4. Gérance de SNC et transformations

Notions clés & Définitions

  • Gérant de SNC : Le gérant d’une SNC peut être un ou plusieurs associés ou un tiers, choisi selon la volonté des associés et encadré par des règles de nomination et de révocation.
  • Gérant statutaire : Le gérant statutaire est celui dont le nom figure dans les statuts, ce qui impose des effets spécifiques notamment lors de la modification du gérant.
  • Gérant personne morale : Le gérant peut être une personne morale, qui n’est pas tenue de désigner un représentant permanent pour exercer ce poste de gérant.
  • Continuation lors d’une transformation : La continuation permet d’éviter la dissolution automatique lors d’événements affectant un associé ou le gérant, si elle est prévue par les statuts ou décidée à l’unanimité.

Points essentiels

  • La nomination du gérant, qu’il soit associé ou non, peut être statutaire ou résulter d’un acte ultérieur, et seul le gérant associé dont le nom est inscrit dans les statuts est réputé statutaire.
  • Toute nomination ou tout changement de gérant doit faire l’objet d’une insertion dans un support habilité à recevoir des annonces légales et d’un dépôt au greffe, à défaut la nomination est inopposable aux tiers de bonne foi.
  • L’article L.221-13 du C.com distingue trois régimes de révocation selon que le gérant est non associé, non statutaire associé ou statutaire, avec des règles de majorité qui varient selon les cas.
  • La révocation d’un gérant associé entraîne la dissolution sauf si les statuts prévoient une continuation ou si les associés décident à l’unanimité de continuer.
  • Selon l’article L.221-12 du C.com, une révocation décidée sans juste motif peut ouvrir droit à des dommages-intérêts, mais la révocation reste valable même sans juste motif.
  • Une transformation régulière ne crée pas une nouvelle personne morale en application de l’article L.210-6 du C.com.

Astuce mémo

L221-12/13 : publicité pour opposabilité, et révocation = dissolution sauf continuation (statuts ou unanimité).

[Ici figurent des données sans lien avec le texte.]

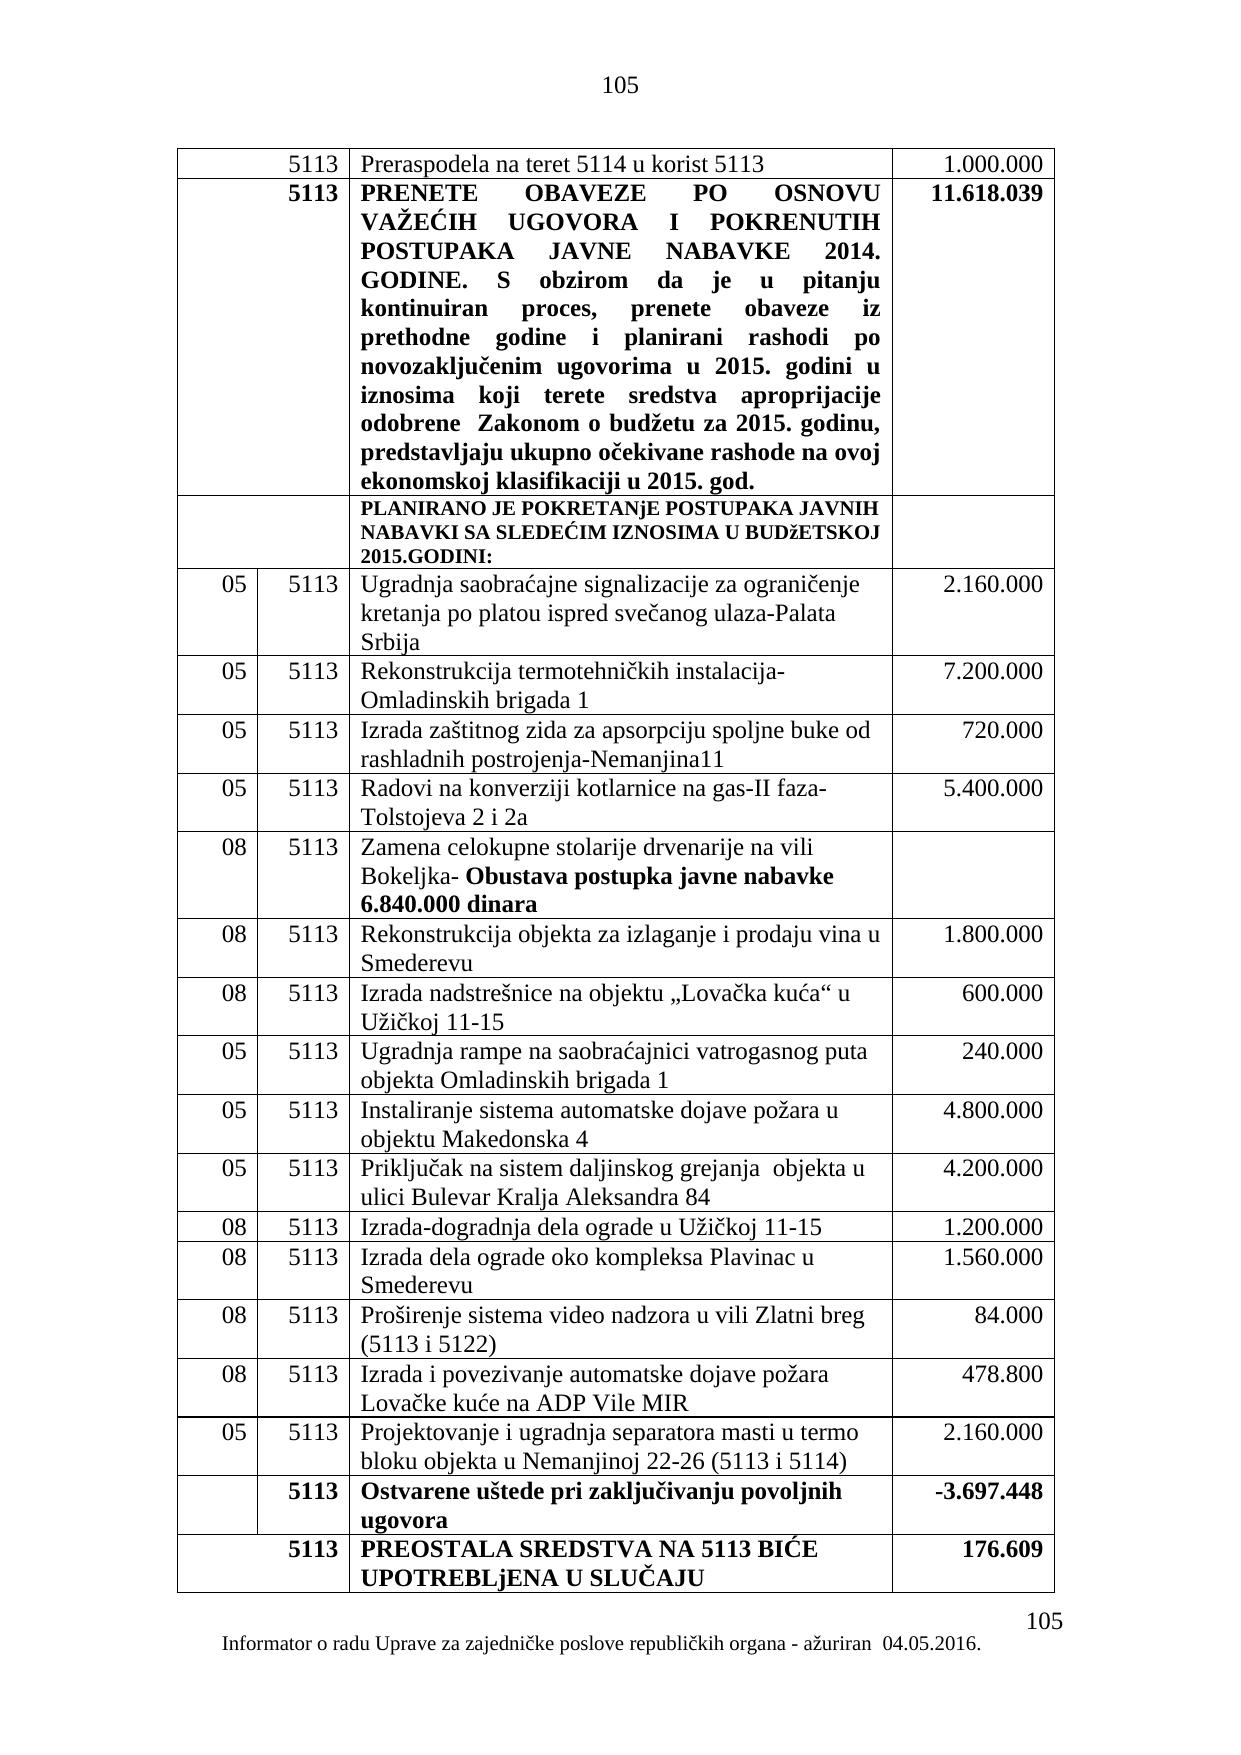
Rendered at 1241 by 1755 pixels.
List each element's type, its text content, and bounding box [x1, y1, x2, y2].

table_cell PLANIRANO JE POKRETANјE POSTUPAKA JAVNIH NABAVKI SA SLEDEĆIM IZNOSIMA U BUDžETSKOJ 2015.GODINI: [350, 496, 892, 568]
table_cell 5.400.000 [893, 774, 1054, 831]
table_cell [178, 496, 349, 568]
table_cell 05 [178, 569, 257, 655]
table_cell 1.200.000 [893, 1212, 1054, 1241]
table_cell 478.800 [893, 1359, 1054, 1416]
table_cell 5113 [258, 1154, 349, 1211]
table_cell 05 [178, 656, 257, 714]
table_cell 5113 [258, 832, 349, 918]
table_cell 5113 [258, 1242, 349, 1299]
table_cell 08 [178, 1359, 257, 1416]
table_cell [893, 832, 1054, 918]
table_cell 5113 [258, 919, 349, 977]
table_cell 2.160.000 [893, 569, 1054, 655]
table_cell Ugradnja rampe na saobraćajnici vatrogasnog puta objekta Omladinskih brigada 1 [350, 1036, 892, 1094]
table_cell PRENETE OBAVEZE PO OSNOVU VAŽEĆIH UGOVORA I POKRENUTIH POSTUPAKA JAVNE NABAVKE 2014. GODINE. S obzirom da je u pitanju kontinuiran proces, prenete obaveze iz prethodne godine i planirani rashodi po novozaklјučenim ugovorima u 2015. godini u iznosima koji terete sredstva aproprijacije odobrene Zakonom o budžetu za 2015. godinu, predstavlјaju ukupno očekivane rashode na ovoj ekonomskoj klasifikaciji u 2015. god. [350, 179, 892, 495]
table_cell 5113 [258, 1036, 349, 1094]
table_cell 4.200.000 [893, 1154, 1054, 1211]
table_cell 1.800.000 [893, 919, 1054, 977]
table_cell Instaliranje sistema automatske dojave požara u objektu Makedonska 4 [350, 1095, 892, 1152]
table_cell 08 [178, 978, 257, 1035]
table_cell 176.609 [893, 1535, 1054, 1592]
table_cell Izrada zaštitnog zida za apsorpciju spolјne buke od rashladnih postrojenja-Nemanjina11 [350, 715, 892, 772]
table_cell 05 [178, 1095, 257, 1152]
table_cell 1.000.000 [893, 149, 1054, 177]
table_cell Rekonstrukcija objekta za izlaganje i prodaju vina u Smederevu [350, 919, 892, 977]
table_cell Priklјučak na sistem dalјinskog grejanja objekta u ulici Bulevar Kralјa Aleksandra 84 [350, 1154, 892, 1211]
table_cell Izrada-dogradnja dela ograde u Užičkoj 11-15 [350, 1212, 892, 1241]
table_cell 5113 [258, 1359, 349, 1416]
table_cell Proširenje sistema video nadzora u vili Zlatni breg (5113 i 5122) [350, 1300, 892, 1358]
table_cell Zamena celokupne stolarije drvenarije na vili Bokelјka- Obustava postupka javne nabavke 6.840.000 dinara [350, 832, 892, 918]
table_cell Ostvarene uštede pri zaklјučivanju povolјnih ugovora [350, 1476, 892, 1533]
table_cell -3.697.448 [893, 1476, 1054, 1533]
table_cell 2.160.000 [893, 1418, 1054, 1475]
table_cell 08 [178, 1300, 257, 1358]
table_cell 5113 [258, 1300, 349, 1358]
table_cell 240.000 [893, 1036, 1054, 1094]
table_cell 1.560.000 [893, 1242, 1054, 1299]
table_cell 5113 [258, 656, 349, 714]
table_cell Radovi na konverziji kotlarnice na gas-II faza-Tolstojeva 2 i 2a [350, 774, 892, 831]
table_cell 05 [178, 774, 257, 831]
table_cell 5113 [258, 569, 349, 655]
table_cell PREOSTALA SREDSTVA NA 5113 BIĆE UPOTREBLjENA U SLUČAJU [350, 1535, 892, 1592]
table_cell 11.618.039 [893, 179, 1054, 495]
table_cell 84.000 [893, 1300, 1054, 1358]
table_cell Izrada dela ograde oko kompleksa Plavinac u Smederevu [350, 1242, 892, 1299]
table_cell 5113 [258, 715, 349, 772]
table_cell 7.200.000 [893, 656, 1054, 714]
table_cell 5113 [258, 978, 349, 1035]
table_cell 05 [178, 1418, 257, 1475]
table_cell Projektovanje i ugradnja separatora masti u termo bloku objekta u Nemanjinoj 22-26 (5113 i 5114) [350, 1418, 892, 1475]
table_cell Ugradnja saobraćajne signalizacije za ograničenje kretanja po platou ispred svečanog ulaza-Palata Srbija [350, 569, 892, 655]
table_cell Izrada nadstrešnice na objektu „Lovačka kuća“ u Užičkoj 11-15 [350, 978, 892, 1035]
table_cell 5113 [178, 1535, 349, 1592]
table_cell Preraspodela na teret 5114 u korist 5113 [350, 149, 892, 177]
table_cell 05 [178, 1036, 257, 1094]
table_cell 08 [178, 1242, 257, 1299]
table_cell 5113 [258, 1212, 349, 1241]
table_cell 5113 [178, 149, 349, 177]
table_cell 08 [178, 1212, 257, 1241]
table_cell 08 [178, 919, 257, 977]
table_cell 05 [178, 1154, 257, 1211]
table_cell 4.800.000 [893, 1095, 1054, 1152]
table_cell 08 [178, 832, 257, 918]
table_cell 5113 [258, 1418, 349, 1475]
table_cell 5113 [258, 774, 349, 831]
table_cell [178, 1476, 257, 1533]
table_cell 5113 [258, 1476, 349, 1533]
table_cell Rekonstrukcija termotehničkih instalacija-Omladinskih brigada 1 [350, 656, 892, 714]
table_cell 5113 [178, 179, 349, 495]
table_cell Izrada i povezivanje automatske dojave požara Lovačke kuće na ADP Vile MIR [350, 1359, 892, 1416]
table_cell [893, 496, 1054, 568]
table_cell 5113 [258, 1095, 349, 1152]
table_cell 720.000 [893, 715, 1054, 772]
table_cell 05 [178, 715, 257, 772]
table_cell 600.000 [893, 978, 1054, 1035]
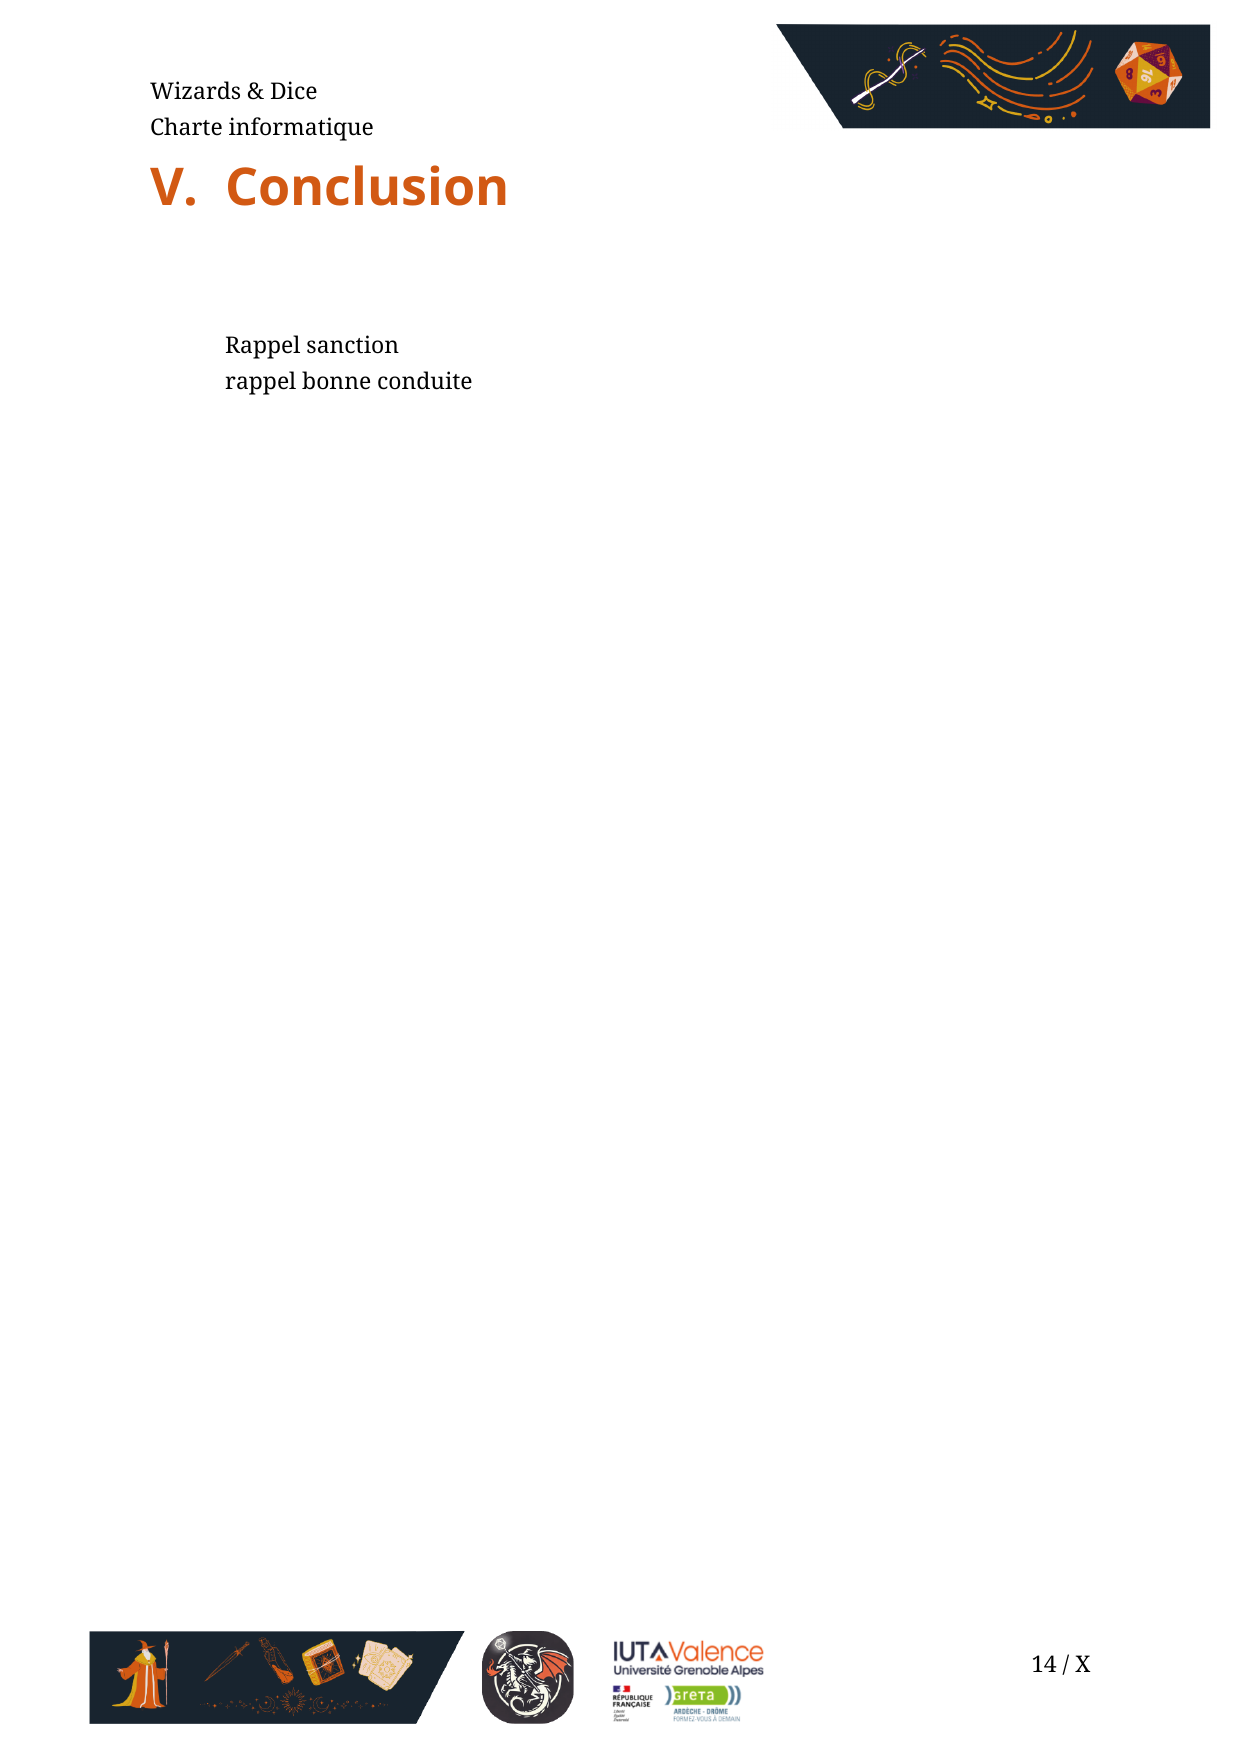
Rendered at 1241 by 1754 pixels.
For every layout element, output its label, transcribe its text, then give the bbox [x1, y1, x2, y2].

picture [81, 1620, 788, 1733]
subtitle Conclusion [150, 150, 1090, 221]
picture [771, 21, 1218, 131]
text rappel bonne conduite [225, 365, 1090, 396]
text Rappel sanction [225, 329, 1090, 360]

5. SARL : constitution et capital

Notions clés & Définitions

  • SARL à 2 à 100 associés : La SARL est une société commerciale formée avec au moins 2 associés et au plus 100 associés, pour préserver l’intuitu personae.
  • Capital social : Le capital social est le montant fixé par les statuts qui sert d’assise au droit de gage des créanciers sociaux et doit correspondre à la réalité.
  • Apports en numéraire : Les apports en numéraire sont des sommes d’argent souscrites à la création, avec une libération initiale partielle possible selon les règles SARL.
  • Apports en nature : Les apports en nature portent sur des biens, avec une évaluation encadrée pour éviter une surévaluation au détriment des créanciers.
  • Apports en industrie : Les apports en industrie correspondent à un travail ou une prestation, sans constituer le capital social et sans pouvoir être cédés.

Points essentiels

  • La SARL comporte au plus 100 associés depuis l’ordonnance du 25 mars 2004 et tout dépassement sanctionné par dissolution si la situation dure plus d’un an.
  • Depuis la loi du 1er août 2003, la SARL n’a plus de montant minimum légal de capital (les statuts fixent librement le capital, y compris théoriquement 1£).
  • En apports en numéraire, les parts doivent être souscrites intégralement et une libération initiale à hauteur d’1/5 est possible, le solde pouvant être appelé dans un délai maximal de 5 ans après immatriculation.
  • En apports en nature, un commissaire aux apports évalue et établit un rapport annexé aux statuts, mais une dispense est admise à l’unanimité si aucun apport n’excède 30 000€ et si les apports non évalués ne dépassent pas la moitié du capital.
  • Les SARL ne distribuent en cours de fonctionnement que des bénéfices après imputation des pertes antérieures, avec un prélèvement de 5% (1/20) pour constituer une réserve légale devant atteindre 10% du capital.
  • Si les capitaux propres deviennent inférieurs à la moitié du capital social, l’AGE doit statuer et, en cas de non-dissolution, la société doit reconstituer ses fonds propres ou réduire le capital d’au moins le montant des pertes au plus tard à la clôture du 2e exercice.

Astuce mémo

Numéraire : 1/5 puis appel ≤ 5 ans ; Nature : commissaire sauf aucun apport > 30 000€ et apports non évalués ≤ moitié du capital ; Industrie : pas de capital ni cession.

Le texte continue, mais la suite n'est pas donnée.